Situated three hours north of New York City and two hours west of Boston, Western Massachusetts has been a leader in alternative energy options and the slow food movement, and boasts several “Transition Towns”1 which actively work to build community in direct response to climate change and economic crises. The vibrant arts scene includes Jacob’s Pillow Dance Festival and the Five College Dance Department, which presents hundreds of performances each year by students, professors, and professional choreographers. As a result of this density of well-established, institutionally supported dance performance, independent dance-makers face challenges in finding performance venues, funding, and an audience base. While these conditions are not unique to Western Massachusetts, my status as both an academic and a working artist in this locale positions me to analyze both the specific local attributes as well as the broader social and artistic contexts, and to connect one to the other. In this paper, I present my work with the tinydance project in the context of the current climate of underfunded support for the arts and environmental concerns related to overconsumption, and in the spirit of local sourcing I introduce the work of three other dance artists from Western Massachusetts: Deborah Goffe/Scapegoat Garden, Terre Unité Vandale/Movement Arts Ensemble, and Rythea Lee/Zany Angels Dance Theatre Company. Drawing from my own experience, interviews with the other artists, the history of experimental site performance, and scholarship on current sustainability initiatives, I analyze the realities of producing dance performances with limited artistic and financial resources in the context of shrinking environmental resources. I position the work of these artists as pragmatic exemplars that reveal the transformative potential in simpler productions and local, community-based support for creative process and performance.
Concepts of place, locality, and environment are central to both sustainability analyses and dance works produced outside of the theatre setting. Site work, site dance, site-specific dance, and site-adaptive dance all stem from the experimental performance work of the mid-twentieth century, and the recent scholarship on site dance offers a foundation for examining trends in non-theatre based performance. During the 1950s and 60s, artists in various genres began both to resist the conventions of traditional creative process and to explore the boundaries between art and everyday life. The term “site-specific” emerged in the field of visual art in the late 1960s from the desire for artwork and art-making to connect with specific places outside of the studio. Parallel to this trend, dance artists such as Lucinda Childs, Deborah Hay, Steve Paxton, and Twyla Tharp were experimenting with non-theatre and outdoor venues, and using their movements to highlight aspects of their chosen spaces. The work of Trisha Brown and Meredith Monk, often considered the founders of site dance, followed these pioneers.2 These dancers all achieved financial and critical success by any estimation, however they began their work in an era of unprecedented support for the arts, which no longer exists. Despite this historical shift in funding and performance opportunities, their work offers practical examples of more sustainable creative process and production that remain relevant today.

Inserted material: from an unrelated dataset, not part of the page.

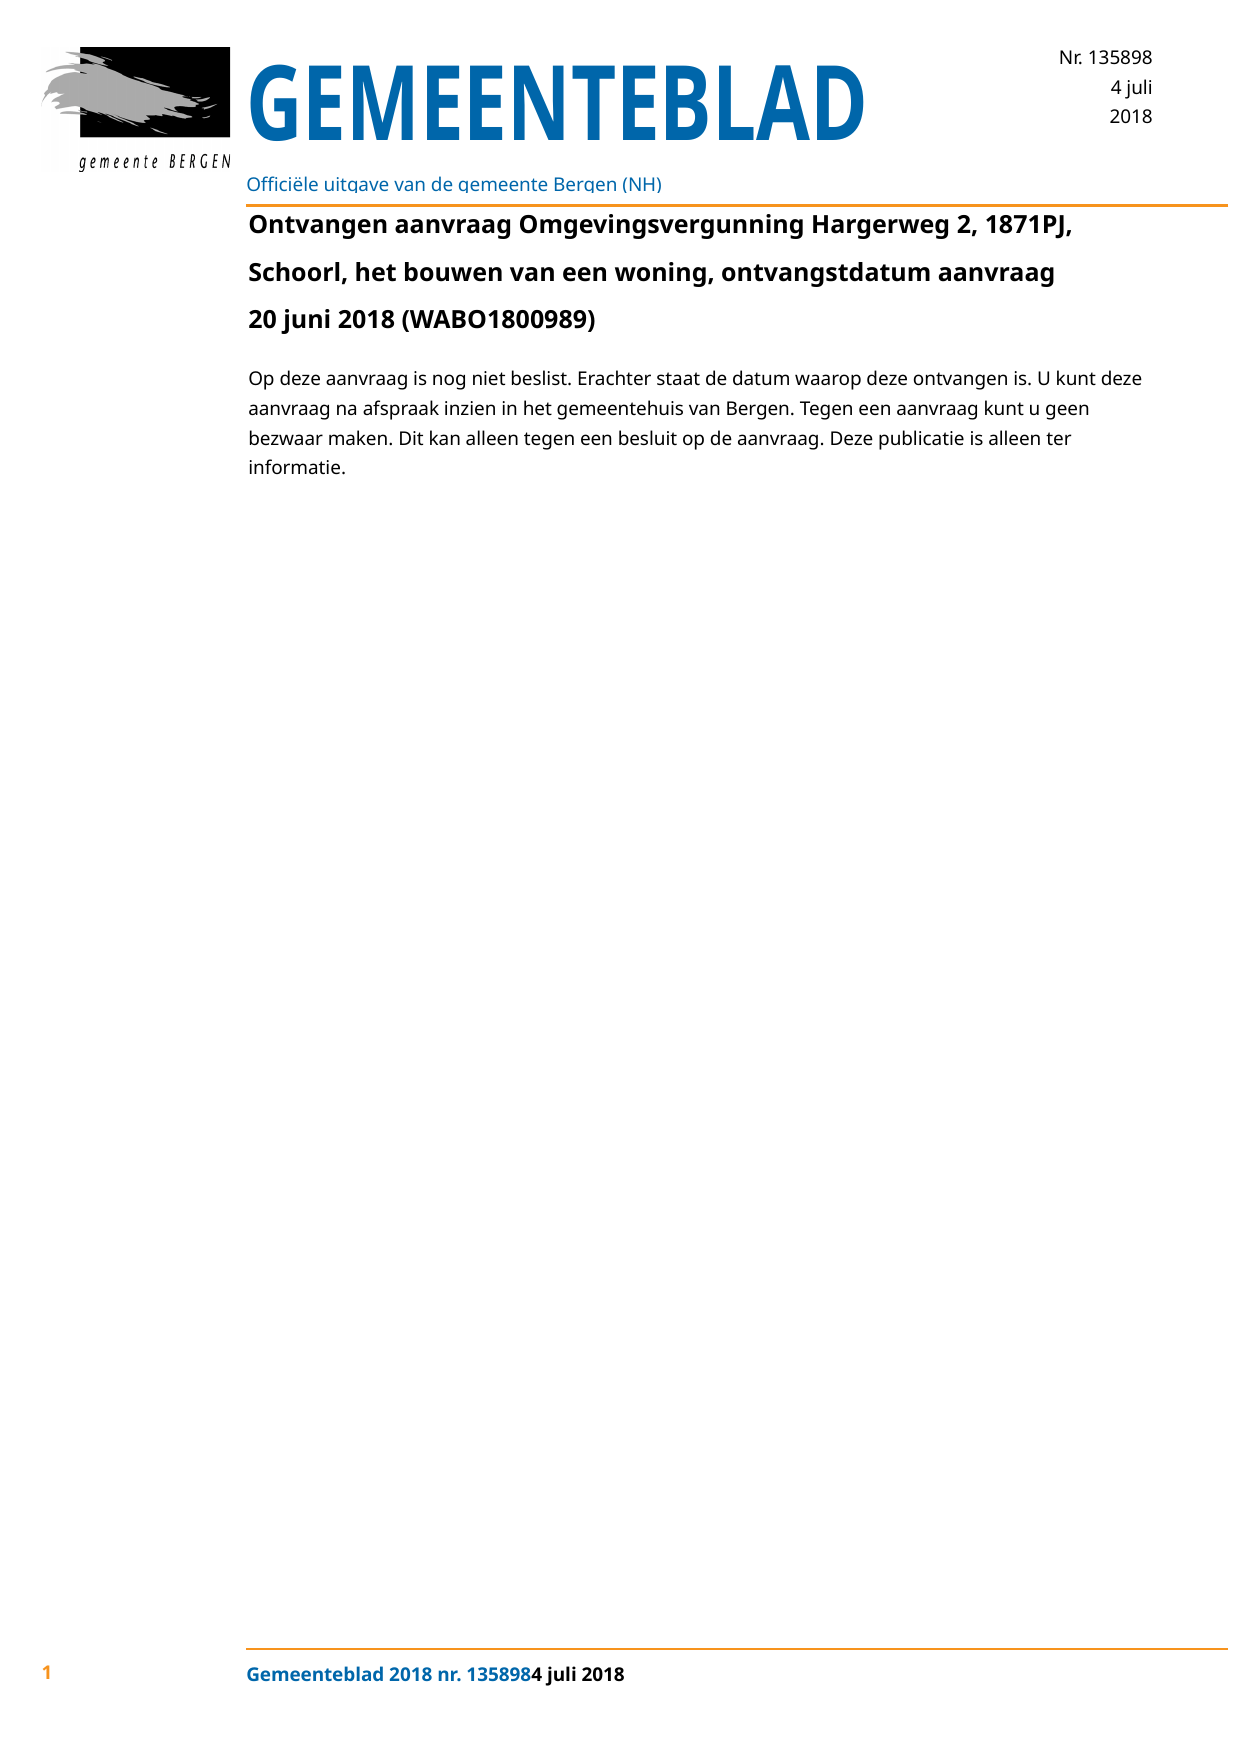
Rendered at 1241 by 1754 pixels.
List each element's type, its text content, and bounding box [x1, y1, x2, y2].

text Ontvangen aanvraag Omgevingsvergunning Hargerweg 2, 1871PJ, Schoorl, het bouwen van een woning, ontvangstdatum aanvraag 20 juni 2018 (WABO1800989) [248, 207, 1152, 336]
text Op deze aanvraag is nog niet beslist. Erachter staat de datum waarop deze ontvangen is. U kunt deze aanvraag na afspraak inzien in het gemeentehuis van Bergen. Tegen een aanvraag kunt u geen bezwaar maken. Dit kan alleen tegen een besluit op de aanvraag. Deze publicatie is alleen ter informatie. [248, 366, 1152, 480]
picture [41, 47, 231, 172]
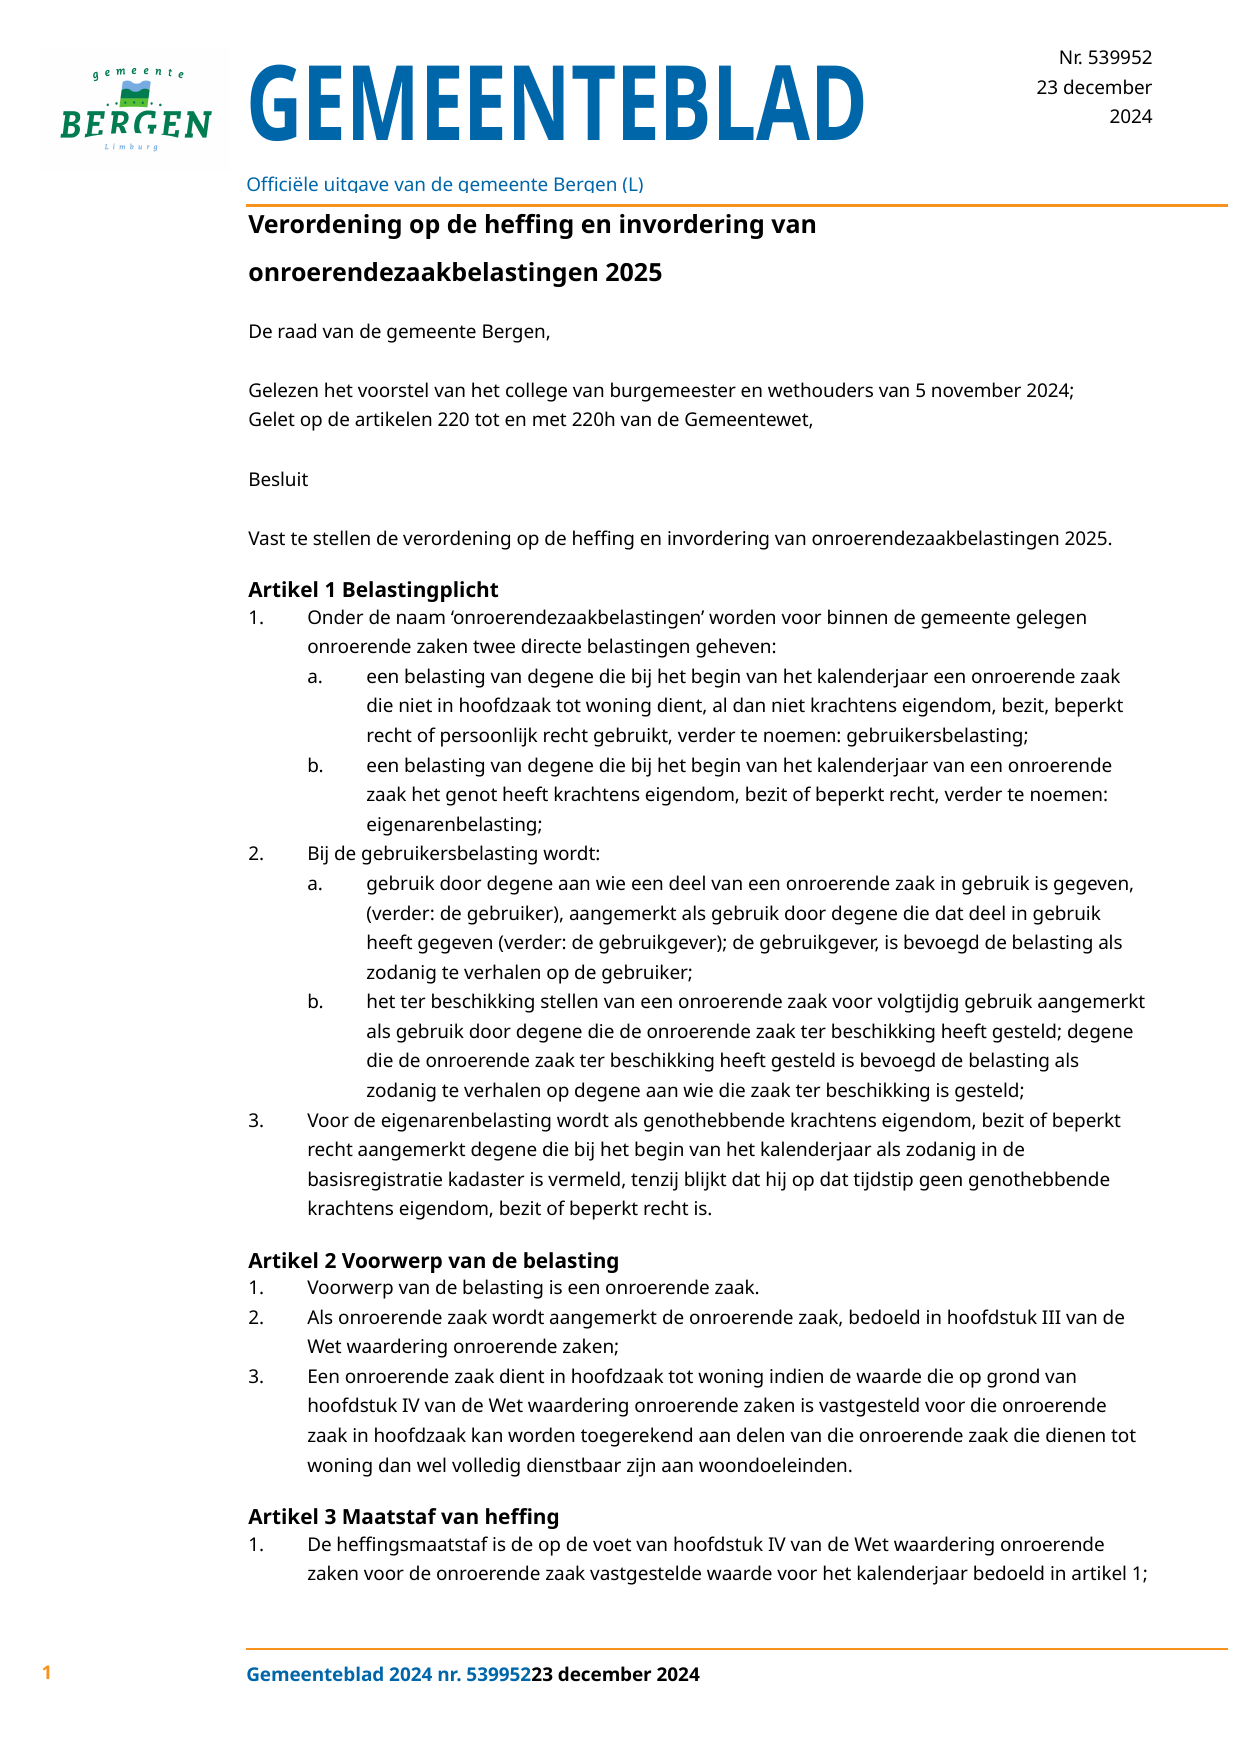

Throughout its evolution, the practice of site-based performance has offered the opportunity to negotiate behavioral norms and codes; site dance can uniquely highlight people’s relationship to locales and the social construction of place.3 In a 2006 interview, Meredith Monk spoke to the lure of creating work outside of the theatre space: “Site work gave me the ability to create an immersive experience. A proscenium implies a separation between the performance and the audience. Taking people out of the theatre and including them in the same space as the performers blurs boundaries and transforms experience.”4 Stuart Grant’s article, “Dispositioned Intimacy” explores “questions of relationships between intimacy, time, place, and movement”5 which form the foundation of site dance theory, and point to a sense of interdisciplinary collaboration also trending in both sustainability studies and the Transition Movement. Site work broadens the range of expected audience and performer experiences, shifting the paradigm away from one which foregrounds the proscenium theatre experience. Artists who wish to stay relevant must approach decisions conscientiously, rather than making default choices about process and production. We can approach performance in the context of sustainability as an articulation of ecological concerns, as well as a critique of current models of funding for the arts and dance production.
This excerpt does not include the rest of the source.